AIM OF THE EXERCISE:
Beginning with the first line, return the material verbatim and without pictures.

DATA SEGMENT:
##############################
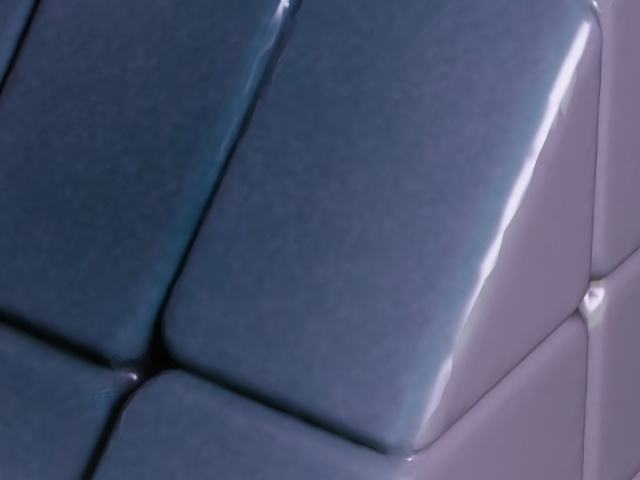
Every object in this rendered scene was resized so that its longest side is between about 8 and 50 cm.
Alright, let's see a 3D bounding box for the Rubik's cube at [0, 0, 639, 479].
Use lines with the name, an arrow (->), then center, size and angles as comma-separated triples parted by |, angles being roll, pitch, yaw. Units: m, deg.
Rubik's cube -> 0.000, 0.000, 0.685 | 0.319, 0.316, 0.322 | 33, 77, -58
##############################
SOLUTION TO THIS PROBLEM:
Every object in this rendered scene was resized so that its longest side is between about 8 and 50 cm.
Alright, let's see a 3D bounding box for the Rubik's cube at [0, 0, 639, 479].
Use lines with the name, an arrow (->), then center, size and angles as comma-separated triples parted by |, angles being roll, pitch, yaw. Units: m, deg.
Rubik's cube -> 0.000, 0.000, 0.685 | 0.319, 0.316, 0.322 | 33, 77, -58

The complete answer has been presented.